### Exercise description
In the listing below, the lines starting with the line with "#15 boat shoe [375,202,389,217]" and going on through the line with "#19 ink cartridge box [292,305,393,452]" are to be reproduced exactly, and only those.

### Information supplied

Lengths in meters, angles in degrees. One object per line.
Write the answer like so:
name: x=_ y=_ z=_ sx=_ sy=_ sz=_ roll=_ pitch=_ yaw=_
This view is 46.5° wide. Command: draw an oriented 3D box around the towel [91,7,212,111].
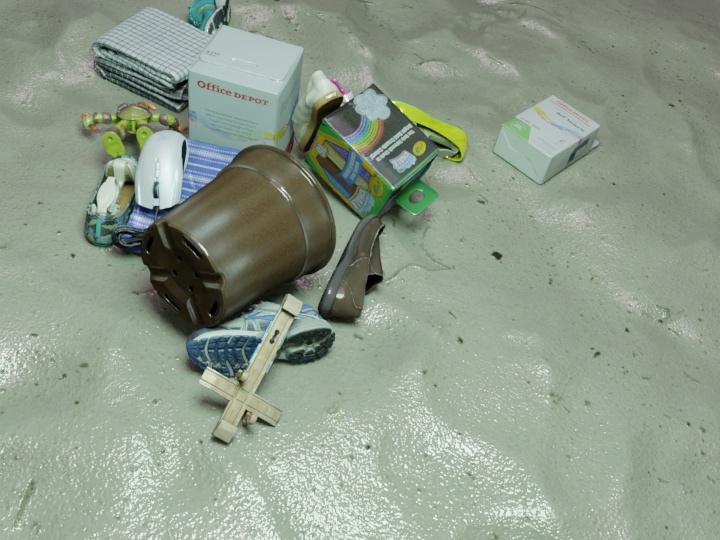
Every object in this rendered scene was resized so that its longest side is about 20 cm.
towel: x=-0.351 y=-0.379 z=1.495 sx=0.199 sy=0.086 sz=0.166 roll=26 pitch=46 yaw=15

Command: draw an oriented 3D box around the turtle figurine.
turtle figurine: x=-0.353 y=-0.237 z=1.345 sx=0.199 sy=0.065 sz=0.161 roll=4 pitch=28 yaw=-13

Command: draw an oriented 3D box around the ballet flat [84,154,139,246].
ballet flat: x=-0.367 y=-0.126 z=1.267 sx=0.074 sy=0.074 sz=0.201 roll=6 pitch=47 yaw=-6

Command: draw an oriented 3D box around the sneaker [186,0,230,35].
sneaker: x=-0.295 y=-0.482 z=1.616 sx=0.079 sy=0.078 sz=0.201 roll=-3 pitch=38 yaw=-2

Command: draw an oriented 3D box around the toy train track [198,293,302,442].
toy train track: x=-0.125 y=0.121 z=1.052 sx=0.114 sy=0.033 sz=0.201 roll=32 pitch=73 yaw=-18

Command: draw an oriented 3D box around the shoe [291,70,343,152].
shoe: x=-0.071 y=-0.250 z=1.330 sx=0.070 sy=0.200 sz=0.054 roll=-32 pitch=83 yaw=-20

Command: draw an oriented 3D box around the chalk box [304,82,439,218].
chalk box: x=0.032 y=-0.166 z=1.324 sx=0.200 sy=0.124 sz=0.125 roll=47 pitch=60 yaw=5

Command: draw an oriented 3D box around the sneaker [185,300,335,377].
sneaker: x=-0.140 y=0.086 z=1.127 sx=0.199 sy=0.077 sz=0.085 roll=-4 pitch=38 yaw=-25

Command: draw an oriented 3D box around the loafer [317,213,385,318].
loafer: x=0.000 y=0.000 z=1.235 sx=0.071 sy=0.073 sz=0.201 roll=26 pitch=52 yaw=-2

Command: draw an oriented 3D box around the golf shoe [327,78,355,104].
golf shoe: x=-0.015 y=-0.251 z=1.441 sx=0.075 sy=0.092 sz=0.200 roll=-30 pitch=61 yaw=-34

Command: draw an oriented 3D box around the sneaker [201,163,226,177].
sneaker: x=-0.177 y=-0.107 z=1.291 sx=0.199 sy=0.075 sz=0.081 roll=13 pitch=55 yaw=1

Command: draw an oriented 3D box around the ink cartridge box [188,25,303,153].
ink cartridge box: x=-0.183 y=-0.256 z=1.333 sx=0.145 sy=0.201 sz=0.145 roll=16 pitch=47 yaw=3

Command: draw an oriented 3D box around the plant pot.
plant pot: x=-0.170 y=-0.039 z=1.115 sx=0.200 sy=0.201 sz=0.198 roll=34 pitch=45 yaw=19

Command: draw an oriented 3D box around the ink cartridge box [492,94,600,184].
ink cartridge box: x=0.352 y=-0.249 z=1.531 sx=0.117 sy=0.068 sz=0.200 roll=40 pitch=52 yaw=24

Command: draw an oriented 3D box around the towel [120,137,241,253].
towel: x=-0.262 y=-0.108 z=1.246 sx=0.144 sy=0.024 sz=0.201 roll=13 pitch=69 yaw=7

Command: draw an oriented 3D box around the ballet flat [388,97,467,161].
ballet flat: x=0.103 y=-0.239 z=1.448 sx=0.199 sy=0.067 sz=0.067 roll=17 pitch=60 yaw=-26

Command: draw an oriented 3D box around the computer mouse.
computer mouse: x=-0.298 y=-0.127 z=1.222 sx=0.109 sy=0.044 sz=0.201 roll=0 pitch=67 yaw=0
---
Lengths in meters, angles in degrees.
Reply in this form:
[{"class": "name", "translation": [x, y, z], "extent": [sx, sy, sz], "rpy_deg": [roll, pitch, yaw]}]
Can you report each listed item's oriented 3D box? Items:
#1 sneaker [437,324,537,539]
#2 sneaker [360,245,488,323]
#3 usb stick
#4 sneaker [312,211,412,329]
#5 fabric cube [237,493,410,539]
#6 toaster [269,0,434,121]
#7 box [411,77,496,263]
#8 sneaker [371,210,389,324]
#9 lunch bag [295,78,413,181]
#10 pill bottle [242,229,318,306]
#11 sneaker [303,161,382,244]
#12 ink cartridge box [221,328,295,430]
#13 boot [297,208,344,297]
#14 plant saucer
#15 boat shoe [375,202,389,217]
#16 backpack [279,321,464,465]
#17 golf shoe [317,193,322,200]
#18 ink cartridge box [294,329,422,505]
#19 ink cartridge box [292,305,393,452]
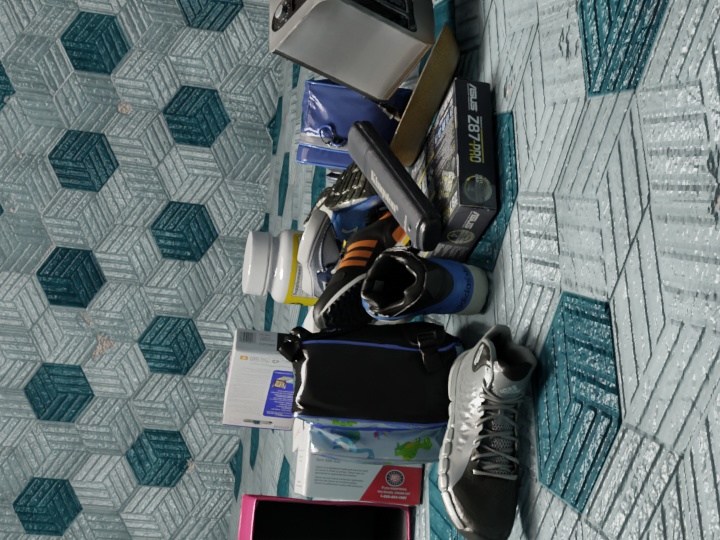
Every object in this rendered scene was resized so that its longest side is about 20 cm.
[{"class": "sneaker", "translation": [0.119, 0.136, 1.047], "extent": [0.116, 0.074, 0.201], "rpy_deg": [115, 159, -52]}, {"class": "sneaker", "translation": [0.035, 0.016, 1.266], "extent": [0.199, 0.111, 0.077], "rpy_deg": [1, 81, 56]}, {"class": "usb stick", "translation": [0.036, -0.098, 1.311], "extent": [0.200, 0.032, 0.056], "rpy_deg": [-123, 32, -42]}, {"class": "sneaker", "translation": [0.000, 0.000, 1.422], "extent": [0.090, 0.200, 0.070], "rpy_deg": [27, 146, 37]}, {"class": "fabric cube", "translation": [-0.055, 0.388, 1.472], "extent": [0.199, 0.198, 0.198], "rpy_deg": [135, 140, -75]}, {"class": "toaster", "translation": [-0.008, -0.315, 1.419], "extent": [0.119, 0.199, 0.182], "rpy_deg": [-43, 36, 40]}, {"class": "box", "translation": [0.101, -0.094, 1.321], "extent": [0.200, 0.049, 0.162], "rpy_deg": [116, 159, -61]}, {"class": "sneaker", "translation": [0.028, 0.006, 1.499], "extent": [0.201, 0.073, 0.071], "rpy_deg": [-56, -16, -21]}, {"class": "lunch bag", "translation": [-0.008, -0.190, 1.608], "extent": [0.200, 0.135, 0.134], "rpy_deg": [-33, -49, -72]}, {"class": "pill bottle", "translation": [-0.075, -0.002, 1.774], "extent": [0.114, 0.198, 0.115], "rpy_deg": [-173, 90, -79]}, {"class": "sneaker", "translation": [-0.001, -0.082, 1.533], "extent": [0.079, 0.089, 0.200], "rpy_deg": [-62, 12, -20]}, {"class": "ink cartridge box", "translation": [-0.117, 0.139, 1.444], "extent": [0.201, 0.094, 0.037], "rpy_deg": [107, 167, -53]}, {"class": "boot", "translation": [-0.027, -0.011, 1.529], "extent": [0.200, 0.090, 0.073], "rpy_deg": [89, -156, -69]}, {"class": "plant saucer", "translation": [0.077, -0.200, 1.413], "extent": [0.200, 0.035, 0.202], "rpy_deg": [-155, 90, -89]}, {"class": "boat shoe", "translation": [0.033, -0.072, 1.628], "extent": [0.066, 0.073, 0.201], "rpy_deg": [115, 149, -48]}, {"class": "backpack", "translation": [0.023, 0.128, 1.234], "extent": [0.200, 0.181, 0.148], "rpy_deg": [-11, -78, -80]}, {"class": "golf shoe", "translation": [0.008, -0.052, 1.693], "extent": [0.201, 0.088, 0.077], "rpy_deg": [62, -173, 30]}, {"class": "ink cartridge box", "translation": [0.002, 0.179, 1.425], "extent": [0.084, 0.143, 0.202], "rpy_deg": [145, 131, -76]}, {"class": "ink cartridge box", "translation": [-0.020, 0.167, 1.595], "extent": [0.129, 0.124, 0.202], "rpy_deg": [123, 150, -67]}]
--
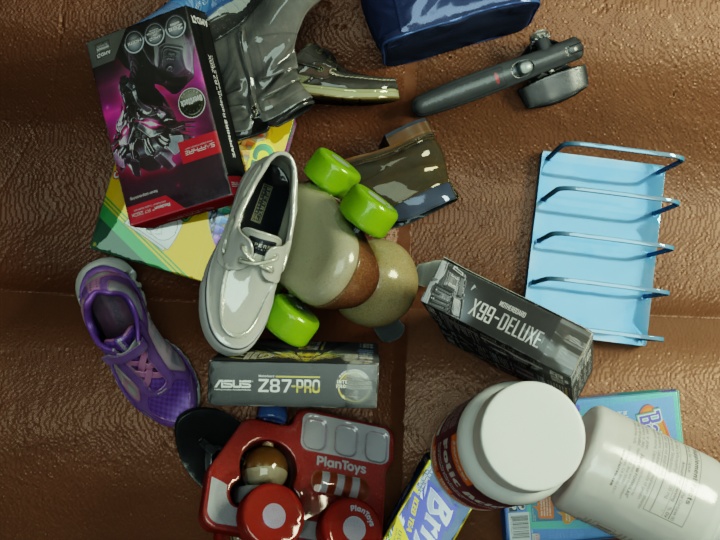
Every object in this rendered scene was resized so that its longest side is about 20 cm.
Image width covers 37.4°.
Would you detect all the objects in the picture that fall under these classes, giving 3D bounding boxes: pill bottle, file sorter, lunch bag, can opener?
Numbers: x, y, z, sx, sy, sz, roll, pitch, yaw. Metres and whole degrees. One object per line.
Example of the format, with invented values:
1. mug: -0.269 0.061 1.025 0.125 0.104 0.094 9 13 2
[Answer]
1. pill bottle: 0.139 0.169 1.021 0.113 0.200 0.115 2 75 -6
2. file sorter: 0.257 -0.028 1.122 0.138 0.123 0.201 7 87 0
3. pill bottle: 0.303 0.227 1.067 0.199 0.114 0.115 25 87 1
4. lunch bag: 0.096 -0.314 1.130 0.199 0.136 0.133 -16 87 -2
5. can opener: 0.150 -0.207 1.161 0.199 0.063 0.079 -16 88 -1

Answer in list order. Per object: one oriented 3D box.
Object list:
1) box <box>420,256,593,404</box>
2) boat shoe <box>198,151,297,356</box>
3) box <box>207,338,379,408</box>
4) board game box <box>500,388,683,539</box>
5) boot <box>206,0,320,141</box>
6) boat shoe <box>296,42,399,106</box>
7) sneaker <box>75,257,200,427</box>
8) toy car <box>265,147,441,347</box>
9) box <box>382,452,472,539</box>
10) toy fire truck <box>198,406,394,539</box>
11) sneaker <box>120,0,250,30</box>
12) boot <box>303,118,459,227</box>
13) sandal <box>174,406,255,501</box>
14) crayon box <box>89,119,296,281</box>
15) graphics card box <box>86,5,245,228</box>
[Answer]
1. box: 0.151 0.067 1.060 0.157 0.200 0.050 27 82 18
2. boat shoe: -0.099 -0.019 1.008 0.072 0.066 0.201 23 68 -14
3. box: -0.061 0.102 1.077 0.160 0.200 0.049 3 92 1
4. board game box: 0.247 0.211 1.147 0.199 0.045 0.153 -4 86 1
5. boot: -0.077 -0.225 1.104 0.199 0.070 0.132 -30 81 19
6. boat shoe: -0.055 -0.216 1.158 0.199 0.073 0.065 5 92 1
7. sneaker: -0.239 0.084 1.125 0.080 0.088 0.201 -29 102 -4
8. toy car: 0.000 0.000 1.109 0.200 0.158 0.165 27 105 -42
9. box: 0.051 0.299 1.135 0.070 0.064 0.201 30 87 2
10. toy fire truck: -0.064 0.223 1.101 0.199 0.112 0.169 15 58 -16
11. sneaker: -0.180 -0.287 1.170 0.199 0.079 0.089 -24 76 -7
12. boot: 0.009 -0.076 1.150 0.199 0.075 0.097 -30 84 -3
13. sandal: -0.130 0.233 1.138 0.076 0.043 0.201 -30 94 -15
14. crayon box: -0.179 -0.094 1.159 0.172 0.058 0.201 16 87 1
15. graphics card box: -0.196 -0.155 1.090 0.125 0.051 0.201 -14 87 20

### Output for this exercise
#15 boat shoe [375,202,389,217]
#16 backpack [279,321,464,465]
#17 golf shoe [317,193,322,200]
#18 ink cartridge box [294,329,422,505]
#19 ink cartridge box [292,305,393,452]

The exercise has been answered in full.